EXERCISE PROMPT: Nothing but the records, repeated word for word and free of pictures, belongs in the answer.

(EXCERPTED DATA)

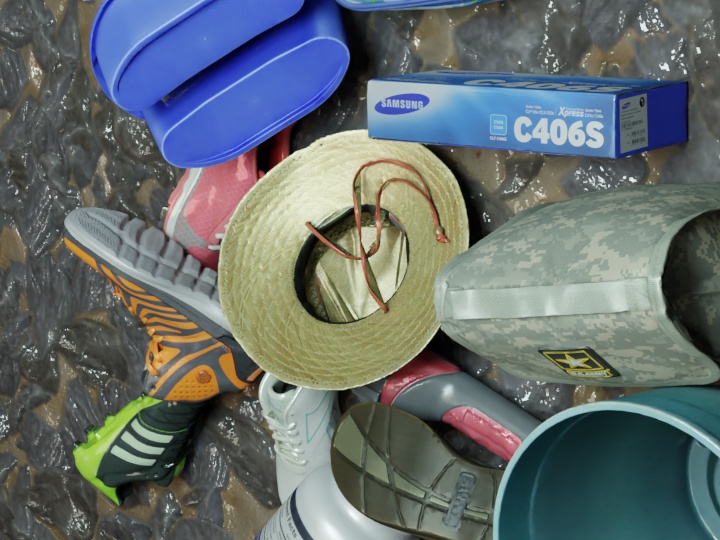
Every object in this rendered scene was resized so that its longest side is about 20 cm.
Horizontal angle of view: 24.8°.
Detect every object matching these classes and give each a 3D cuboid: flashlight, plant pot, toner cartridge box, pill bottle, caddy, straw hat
[{"bbox_3d":[0.085,0.117,1.200,0.200,0.068,0.068,34,137,29],"label":"flashlight"},{"bbox_3d":[0.218,0.158,1.016,0.200,0.188,0.200,11,107,39],"label":"plant pot"},{"bbox_3d":[0.110,-0.108,1.107,0.200,0.095,0.043,8,104,38],"label":"toner cartridge box"},{"bbox_3d":[-0.023,0.222,1.276,0.111,0.111,0.200,48,114,21],"label":"pill bottle"},{"bbox_3d":[-0.103,-0.172,1.206,0.200,0.141,0.105,-31,40,10],"label":"caddy"},{"bbox_3d":[0.000,0.000,1.228,0.201,0.085,0.201,-4,76,17],"label":"straw hat"}]

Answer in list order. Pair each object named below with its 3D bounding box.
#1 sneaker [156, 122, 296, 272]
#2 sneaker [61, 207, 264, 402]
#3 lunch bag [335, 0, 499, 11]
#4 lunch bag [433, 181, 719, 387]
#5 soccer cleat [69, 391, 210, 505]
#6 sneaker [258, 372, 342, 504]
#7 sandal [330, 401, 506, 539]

(End EXCERPTED DATA)

EXERCISE OUTPUT:
Every object in this rendered scene was resized so that its longest side is about 20 cm.
Horizontal angle of view: 24.8°.
Detect every object matching these classes and give each a 3D cuboid: flashlight, plant pot, toner cartridge box, pill bottle, caddy, straw hat
[{"bbox_3d":[0.085,0.117,1.200,0.200,0.068,0.068,34,137,29],"label":"flashlight"},{"bbox_3d":[0.218,0.158,1.016,0.200,0.188,0.200,11,107,39],"label":"plant pot"},{"bbox_3d":[0.110,-0.108,1.107,0.200,0.095,0.043,8,104,38],"label":"toner cartridge box"},{"bbox_3d":[-0.023,0.222,1.276,0.111,0.111,0.200,48,114,21],"label":"pill bottle"},{"bbox_3d":[-0.103,-0.172,1.206,0.200,0.141,0.105,-31,40,10],"label":"caddy"},{"bbox_3d":[0.000,0.000,1.228,0.201,0.085,0.201,-4,76,17],"label":"straw hat"}]

Answer in list order. Pair each object named below with its 3D bounding box.
#1 sneaker [156, 122, 296, 272]
#2 sneaker [61, 207, 264, 402]
#3 lunch bag [335, 0, 499, 11]
#4 lunch bag [433, 181, 719, 387]
#5 soccer cleat [69, 391, 210, 505]
#6 sneaker [258, 372, 342, 504]
#7 sandal [330, 401, 506, 539]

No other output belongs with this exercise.